Top of RECORDS

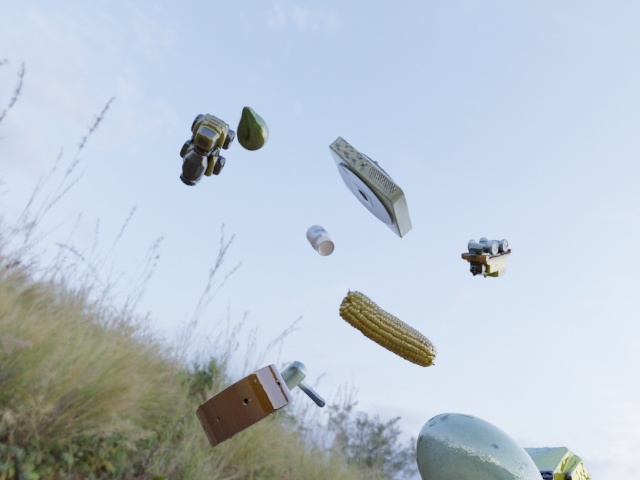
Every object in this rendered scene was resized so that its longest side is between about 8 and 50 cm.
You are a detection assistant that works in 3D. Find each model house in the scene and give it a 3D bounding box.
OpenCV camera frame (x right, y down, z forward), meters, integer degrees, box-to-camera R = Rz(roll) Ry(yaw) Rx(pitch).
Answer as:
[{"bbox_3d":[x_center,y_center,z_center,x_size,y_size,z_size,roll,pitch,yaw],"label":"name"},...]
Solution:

Bottom of RECORDS
Top of RECORDS

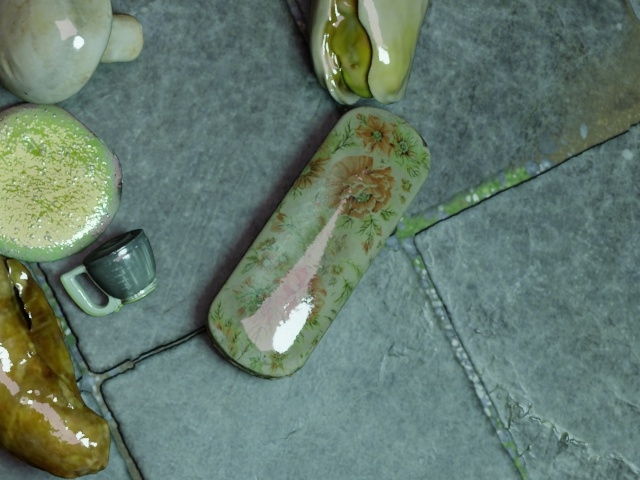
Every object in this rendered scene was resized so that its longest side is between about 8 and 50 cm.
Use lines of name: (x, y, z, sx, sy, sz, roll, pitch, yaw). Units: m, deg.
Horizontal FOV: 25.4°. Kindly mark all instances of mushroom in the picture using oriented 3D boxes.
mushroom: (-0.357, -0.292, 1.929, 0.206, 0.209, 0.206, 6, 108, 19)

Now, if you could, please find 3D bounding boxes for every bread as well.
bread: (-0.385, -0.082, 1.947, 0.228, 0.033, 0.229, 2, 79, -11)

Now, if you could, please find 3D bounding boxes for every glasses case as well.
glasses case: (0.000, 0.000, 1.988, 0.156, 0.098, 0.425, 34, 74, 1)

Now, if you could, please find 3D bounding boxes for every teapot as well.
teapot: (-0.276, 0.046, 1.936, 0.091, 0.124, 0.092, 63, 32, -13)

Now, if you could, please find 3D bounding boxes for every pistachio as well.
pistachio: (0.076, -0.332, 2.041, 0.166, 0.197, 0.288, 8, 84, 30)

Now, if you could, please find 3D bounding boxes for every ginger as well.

Bottom of RECORDS

▶ **THE PROBLEM**: Using the listing above, return word for word each line from the one that has "case as well." through the one that has "ginger as well.", and no line outside that range.

▶ **FINISHED EXERCISE**:
Now, if you could, please find 3D bounding boxes for every glasses case as well.
glasses case: (0.000, 0.000, 1.988, 0.156, 0.098, 0.425, 34, 74, 1)

Now, if you could, please find 3D bounding boxes for every teapot as well.
teapot: (-0.276, 0.046, 1.936, 0.091, 0.124, 0.092, 63, 32, -13)

Now, if you could, please find 3D bounding boxes for every pistachio as well.
pistachio: (0.076, -0.332, 2.041, 0.166, 0.197, 0.288, 8, 84, 30)

Now, if you could, please find 3D bounding boxes for every ginger as well.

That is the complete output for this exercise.